I have a UK personal pension (defined contribution) and recently turned 55, so I can now access my pension pot.

I had hoped to take out a fixed term annuity for 12 years to give me income until my state pension kicks in. However all the major companies (Legal & General, LV=, Canada Life...) do not offer annuities to non UK residents!

Does anyone know which companies offer fixed term annuities to overseas residents? 
Has anyone managed to get an annuity while living in The Philippines?

An alternative is to cash in my pension pot. I can get 25% tax free, the remainder is then taxed. Since I have no UK tax code, it would be paid at an emergency code of 40% I understand that income from overseas pensions is not taxed in The Philippines. 

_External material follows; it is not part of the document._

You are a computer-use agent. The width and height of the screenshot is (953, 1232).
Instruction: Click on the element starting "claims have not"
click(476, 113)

Has anyone taken out their pension fund and successfully reclaimed the tax paid? 
How would I go about getting a refund?


----------



## bobby1947 (Apr 15, 2020)

I think you will have a hard time trying to get a company to offer you an Annuity if you are living overseas already.
i get an annual pension and a monthly pension via Prudential and Sun life . which began before i retired in 2012.
you must take into account also that as you have a private pension your state pension will be reduced accordingly! you dont or should not be taxed on your income when you are in the Philippines currently, but things could change. not sure about tax refunds the best is to contact the HMRC if you are in the philippines use viber to call the UK !


----------



## John1850 (Oct 31, 2014)

Hi Andy, 
sorry but can't help you on your pension problem. I have 3 pensions, all government backed; but was over 60 when I accessed two of them. Now at almost 70 I have 3 index linked government pensions paid directly into my BDO bank account in the Philippines.

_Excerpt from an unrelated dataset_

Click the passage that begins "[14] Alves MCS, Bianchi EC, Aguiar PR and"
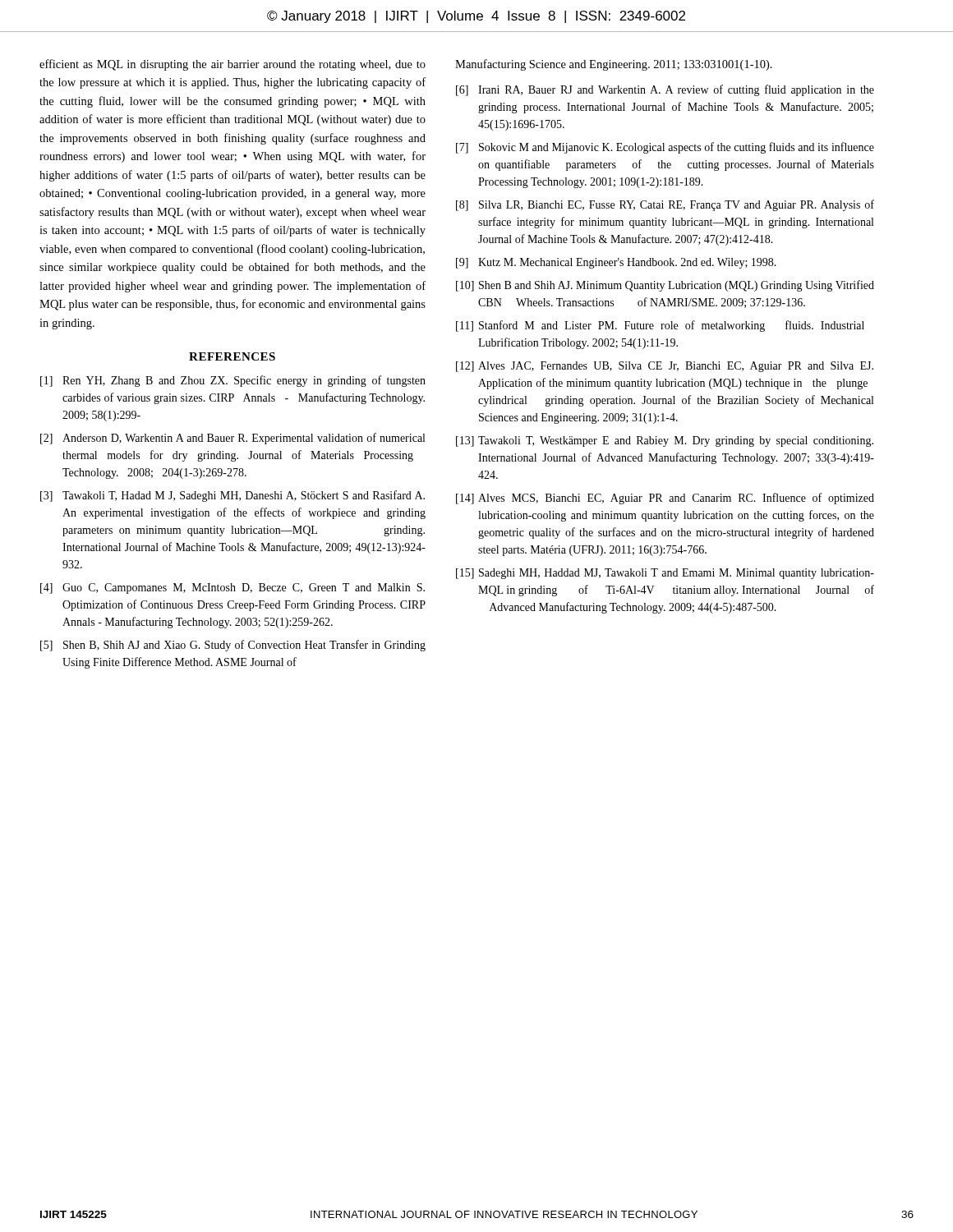 tap(665, 524)

I pay UK tax on my pensions (because they are Government pensions) but there is no Philippine tax to pay because the money is from outside of the Philippines.



However, please be aware that there were many companies advertising to free up your pension pot etc; many were also reported to have charged huge percentages for the privilege and / or for management charges. Some were scams.

It also depends where you are living; UK, Philippines or? Good luck on your quest.

John


----------



## MikenKeira (Jul 3, 2017)

Have you considered sticking your pot into a QROPS scheme ? Suggest you look up QROPS you can still take your 25k and the rest is re invested in either malta/IOM/gibralter. This might be an option for you.....but research tax as some of these locations do not have double taxation treaty


----------